Logging Unit 2 extends from 512 mbsf down to a total logging depth of 591 mbsf and is marked by a significant increase in density, resistivity, and velocity values and a corresponding decrease in porosity values. The resistivity values, although significantly higher than those recorded in logging Unit 1, are not as high as expected for a massive basalt lava sequence. Instead, they are comparable to values that have been reported from pillow lavas with interpillow breccia. Core recovery in basement was relatively poor (<23.1%) and included small pieces (<30 cm) of highly veined basalt with glassy pillow margins and interpillow material, including highly altered hyaloclastite. This is consistent with the interpretation of this unit as a pillow sequence with some interpillow breccia as opposed to massive basalt flows (see "Igneous Petrology"). The basement section is relatively homogenous and contains no obvious boundaries, although there appears to be a slight increase in resistivity and a decrease in gamma ray values with depth, which may indicate a trend toward slightly less altered material deeper in the basement section.

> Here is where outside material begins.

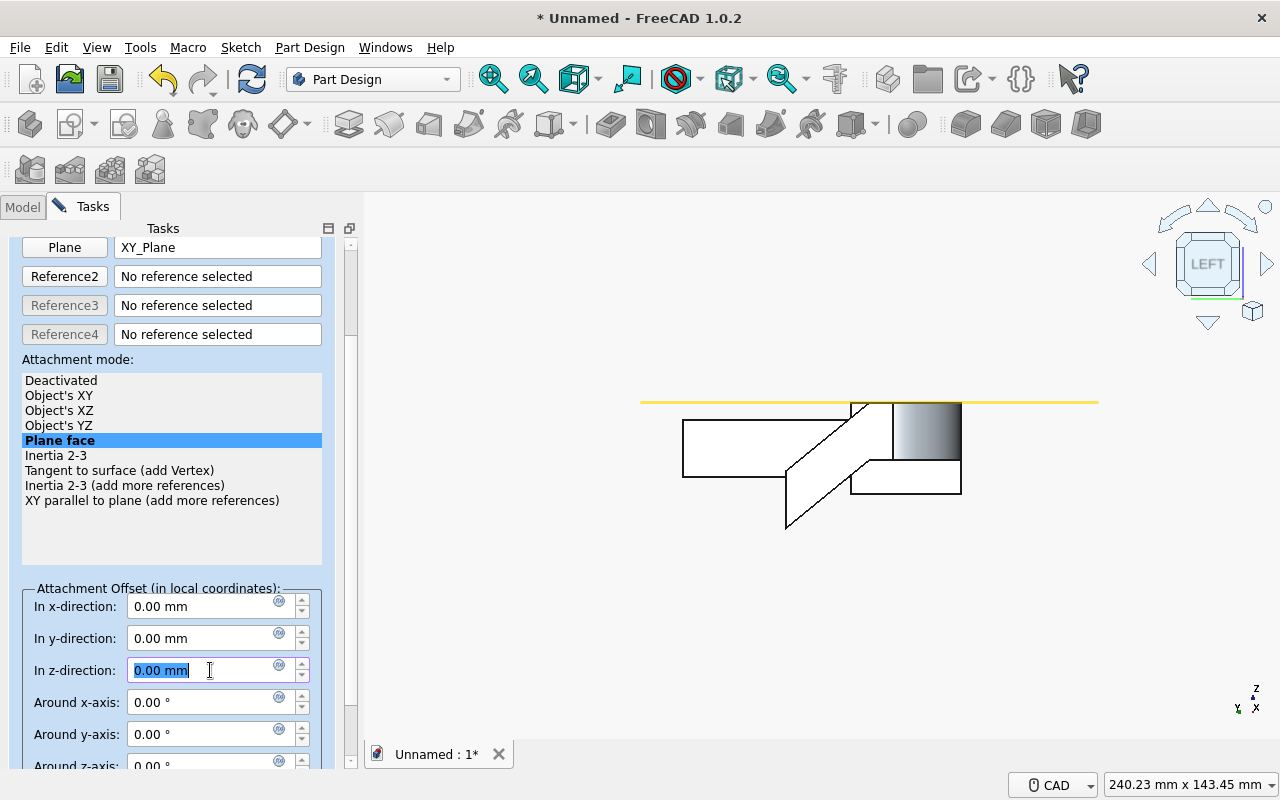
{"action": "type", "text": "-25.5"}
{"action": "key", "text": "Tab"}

The Lamont-Doherty Earth Observatory TAP tool recorded the temperature of the fluid in Hole 1201D as part of the triple combo tool string (Fig. F86). Temperature and pressure are plotted against elapsed time because the computer that records the depth-time relationship failed during acquisition, resulting in a loss of the depth information. The temperature measurement lags behind the pressure measurement, reflecting the slow response of the thermistor. The measurement is an underestimate of the true formation temperature, as the borehole fluid did not have time to equilibrate to the formation temperature during the logging operation. The pressure and temperature curves illustrate well the different stages of the logging operation in Hole 1201D. Recording started ~300 m above the seafloor, and a temperature of ~5°C was recorded at the seafloor (Fig. F86). Pressure and temperature both increased steadily during downlog acquisition, and a maximum temperature of 16.4°C was recorded at the bottom of the hole (595 mbsf). The return path to the seafloor highlights the two stages of uplog acquisition, and the perturbations on the pressure curve correspond to intervals where tool sticking was experienced. During the repeat run, the pressure and temperature both increased slightly and then decreased again. The final pressure-temperature peak on the graph corresponds to an attempt that was made to lower the tool string again to assess whether further sticking would be encountered if the FMS/sonic tool was run.
Despite the problems that hampered logging operations at Site 1201, good data were obtained over the entire open hole interval (76.5-591 mbsf) with the triple combo tool string and reliable sonic data were recorded down to 366 mbsf during the second run with the FMS/sonic tool string. The logging data correlate well with core physical properties measurements. Although lithostratigraphic Unit I was not present within the logged interval, the boundary between lithostratigraphic Unit II (logging Unit 1) and the underlying basement (logging Unit 2) can be clearly delineated. The upper section (logging Unit 1) is characterized by a sequence of turbidites with varying proportions of sandstone or breccia and silty claystone intervals. No obvious trend in density, porosity, resistivity, or velocity with depth is apparent. However, the downhole logs show subtle but significant variations within this turbiditic sedimentary sequence, and fining-upward units that correlate well with sedimentological units described in the cores can be identified. The basement section (logging Unit 2) is relatively homogenous, although there may be a trend toward slightly less altered material with depth.